AMY GOODMAN: Gustavo Esteva, we are going to turn now to a tribute to Brad Will from his friend and fellow musician, David Rovics.

DAVID ROVICS: Brad embodied the spirit of Indymedia. He was not just covering stories that the mainstream press ignores, such as the exciting violent revolutionary moment, which has gripped Oaxaca for several months now. Brad was not risking his life to get a good shot at a confrontation at a barricade because he might get a photo on the cover of a newspaper, get some perhaps well-deserved fame and money. He was posting his communiques on Indymedia for free.

Sure, Brad was filming in order to cover history, but he was there also to make history. Brad knew that a camera is a weapon, or hopefully a shield of some sort, and sometimes can serve to deescalate a situation, to protect people from being violated, beaten, killed.
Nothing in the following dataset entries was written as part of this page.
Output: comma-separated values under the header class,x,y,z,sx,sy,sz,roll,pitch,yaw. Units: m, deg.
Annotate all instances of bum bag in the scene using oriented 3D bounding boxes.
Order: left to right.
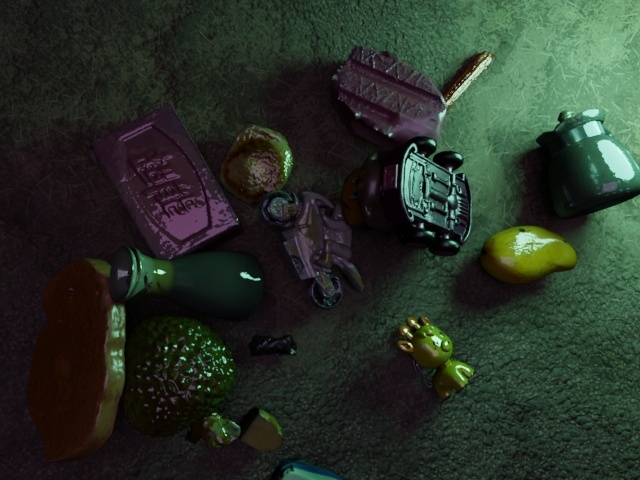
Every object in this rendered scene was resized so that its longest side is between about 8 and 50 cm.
class,x,y,z,sx,sy,sz,roll,pitch,yaw
bum bag,-0.123,0.271,1.232,0.124,0.034,0.058,1,92,-5

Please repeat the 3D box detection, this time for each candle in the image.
class,x,y,z,sx,sy,sz,roll,pitch,yaw
candle,0.383,-0.427,1.359,0.051,0.048,0.329,44,80,-13

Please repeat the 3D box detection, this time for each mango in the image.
class,x,y,z,sx,sy,sz,roll,pitch,yaw
mango,0.556,0.041,1.291,0.261,0.109,0.158,0,74,-10

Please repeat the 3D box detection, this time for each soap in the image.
class,x,y,z,sx,sy,sz,roll,pitch,yaw
soap,-0.381,-0.127,1.210,0.232,0.128,0.360,-30,86,-8
soap,0.184,-0.362,1.269,0.324,0.127,0.220,30,83,10

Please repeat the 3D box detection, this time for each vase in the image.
class,x,y,z,sx,sy,sz,roll,pitch,yaw
vase,-0.299,0.091,1.089,0.321,0.173,0.174,13,80,-45

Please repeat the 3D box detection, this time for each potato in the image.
class,x,y,z,sx,sy,sz,roll,pitch,yaw
potato,-0.142,0.473,1.192,0.103,0.066,0.096,42,105,-9

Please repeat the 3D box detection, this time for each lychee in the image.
class,x,y,z,sx,sy,sz,roll,pitch,yaw
lychee,-0.323,0.321,1.094,0.269,0.270,0.320,-6,74,-6

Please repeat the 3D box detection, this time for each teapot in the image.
class,x,y,z,sx,sy,sz,roll,pitch,yaw
teapot,0.745,-0.233,1.291,0.304,0.223,0.286,-16,78,-5

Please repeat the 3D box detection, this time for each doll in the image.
class,x,y,z,sx,sy,sz,roll,pitch,yaw
doll,0.291,0.293,1.236,0.221,0.135,0.143,47,49,7

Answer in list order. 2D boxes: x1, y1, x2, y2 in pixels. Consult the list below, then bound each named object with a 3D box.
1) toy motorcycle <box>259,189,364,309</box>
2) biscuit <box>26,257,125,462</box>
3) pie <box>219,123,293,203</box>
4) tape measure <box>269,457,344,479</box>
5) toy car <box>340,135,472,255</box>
class,x,y,z,sx,sy,sz,roll,pitch,yaw
toy motorcycle,0.000,0.000,1.239,0.222,0.107,0.341,-29,94,-20
biscuit,-0.549,0.267,1.081,0.078,0.349,0.456,14,79,-48
pie,-0.167,-0.199,1.258,0.178,0.084,0.205,26,87,-3
tape measure,-0.024,0.693,1.141,0.261,0.138,0.260,18,83,-3
toy car,0.218,-0.097,1.214,0.340,0.240,0.272,18,72,-40

And Brad knew that if the independent media didn’t document history, nobody else would.

Brad deeply appreciated the power of music and culture. If he did not have a camera in his hands, he often had a guitar. During some of his many travels around Latin America, he wrote emails to me about the musicians he met, with whom he shared my songs and recordings. He particularly liked my song “Saint Patrick Battalion” and reportedly shared his rendition of it with lots of people. He would not live to know just how much his life and death would resemble the San Patricios who died fighting for Mexico during the first and the U.S. invasion of that country in the 1840s.

Through all Brad did and saw on large swaths of three different continents, he somehow continually brought with him a boundless enthusiasm and obvious love of life, love of good parties and good riot. He was my favorite kind of person, my favorite kind of revolutionary: the sort who is just as comfortable talking about revolutionary theory, current events, music, relationships or smoking a bowl on a Manhattan rooftop at sunset, the kind of person who was alive in mind, body, and spirit in equal proportions.